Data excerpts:
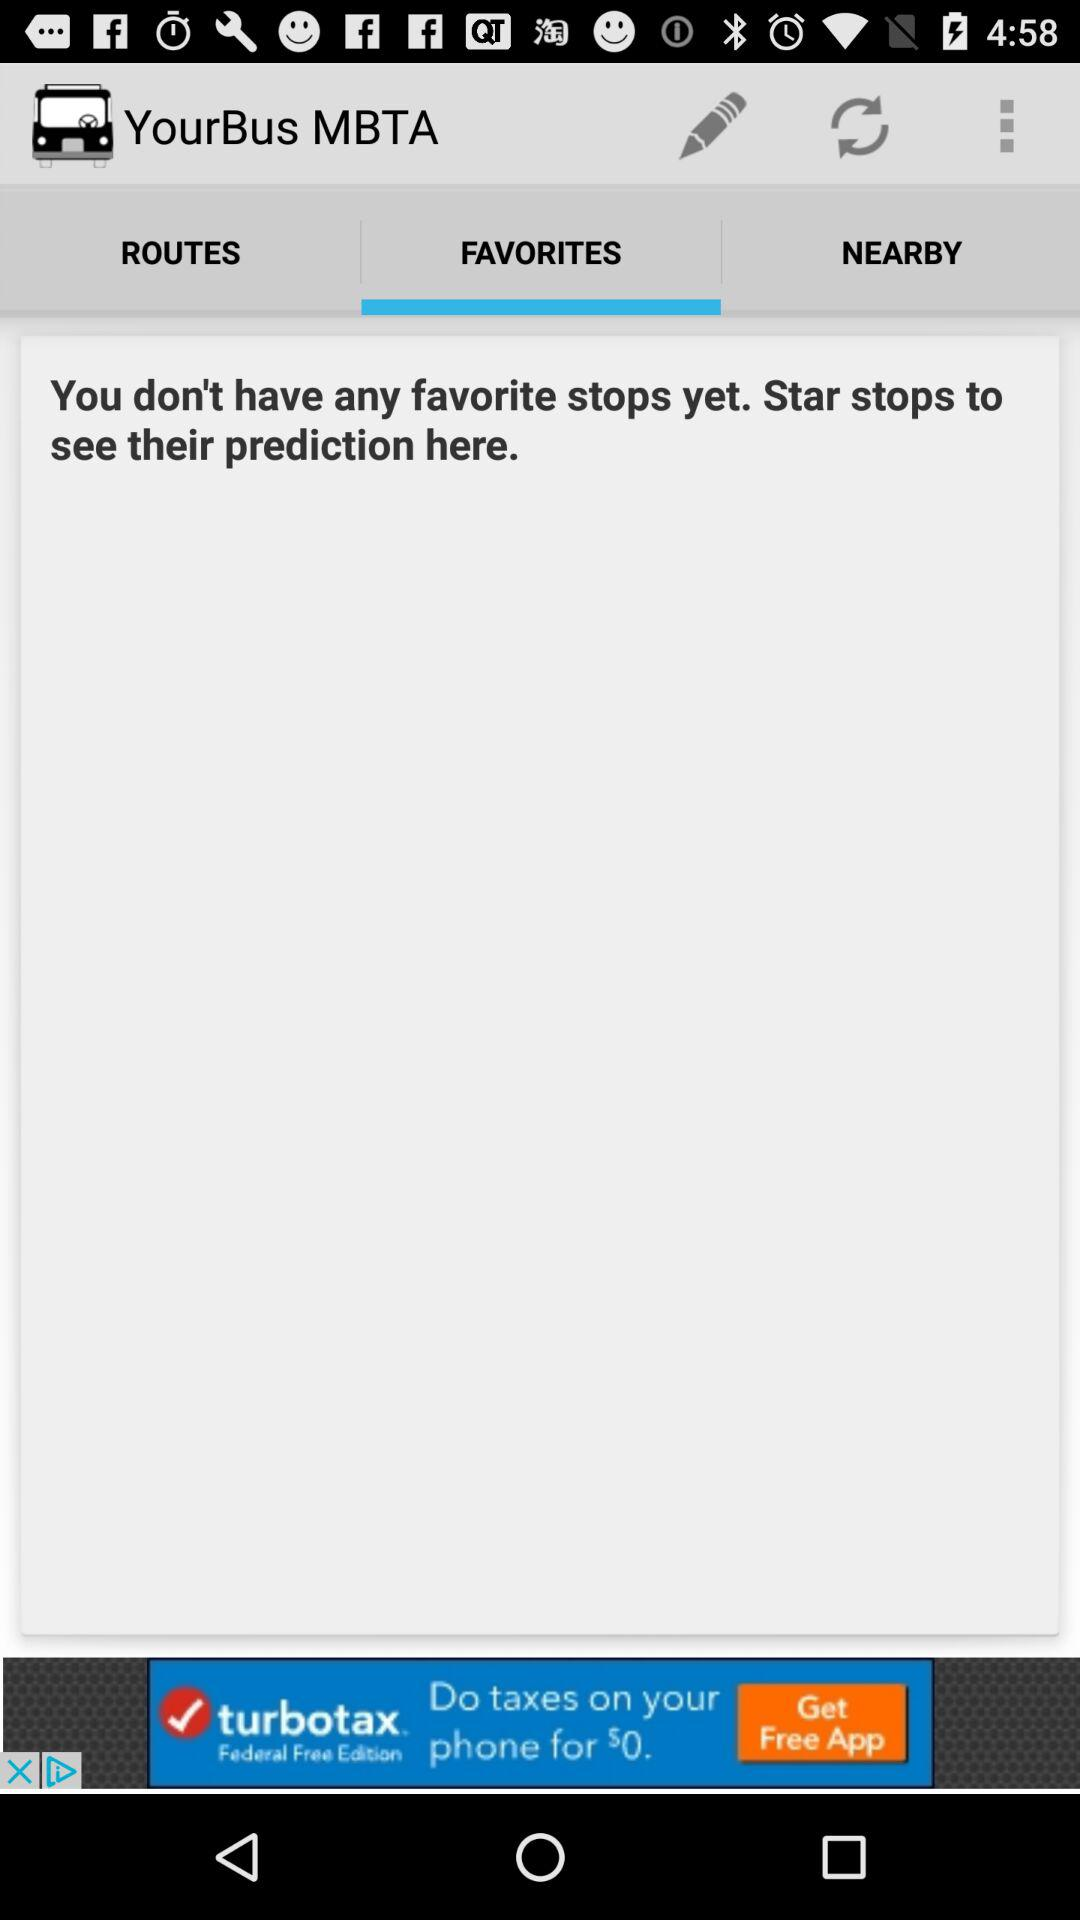What is the application name? The application name is "YourBus MBTA". 
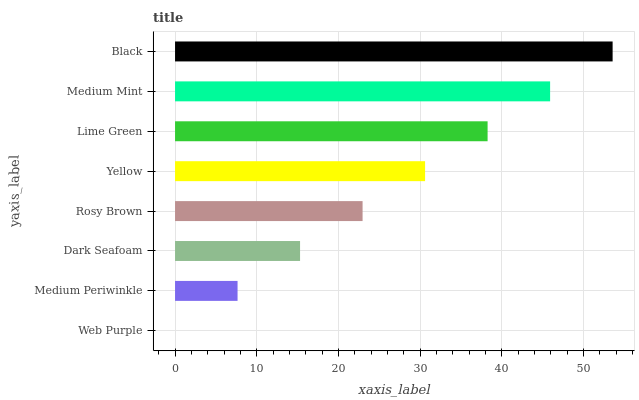Is Web Purple the minimum?
Answer yes or no. Yes. Is Black the maximum?
Answer yes or no. Yes. Is Medium Periwinkle the minimum?
Answer yes or no. No. Is Medium Periwinkle the maximum?
Answer yes or no. No. Is Medium Periwinkle greater than Web Purple?
Answer yes or no. Yes. Is Web Purple less than Medium Periwinkle?
Answer yes or no. Yes. Is Web Purple greater than Medium Periwinkle?
Answer yes or no. No. Is Medium Periwinkle less than Web Purple?
Answer yes or no. No. Is Yellow the high median?
Answer yes or no. Yes. Is Rosy Brown the low median?
Answer yes or no. Yes. Is Lime Green the high median?
Answer yes or no. No. Is Lime Green the low median?
Answer yes or no. No.

• [Task brief]:
Restate, word for word, each line from the one with "Is Web Purple the minimum?" to the end of the entries, both included, and keep every picture out.

• [Answer for the task]:
Is Web Purple the minimum?
Answer yes or no. Yes. Is Black the maximum?
Answer yes or no. Yes. Is Medium Periwinkle the minimum?
Answer yes or no. No. Is Medium Periwinkle the maximum?
Answer yes or no. No. Is Medium Periwinkle greater than Web Purple?
Answer yes or no. Yes. Is Web Purple less than Medium Periwinkle?
Answer yes or no. Yes. Is Web Purple greater than Medium Periwinkle?
Answer yes or no. No. Is Medium Periwinkle less than Web Purple?
Answer yes or no. No. Is Yellow the high median?
Answer yes or no. Yes. Is Rosy Brown the low median?
Answer yes or no. Yes. Is Lime Green the high median?
Answer yes or no. No. Is Lime Green the low median?
Answer yes or no. No.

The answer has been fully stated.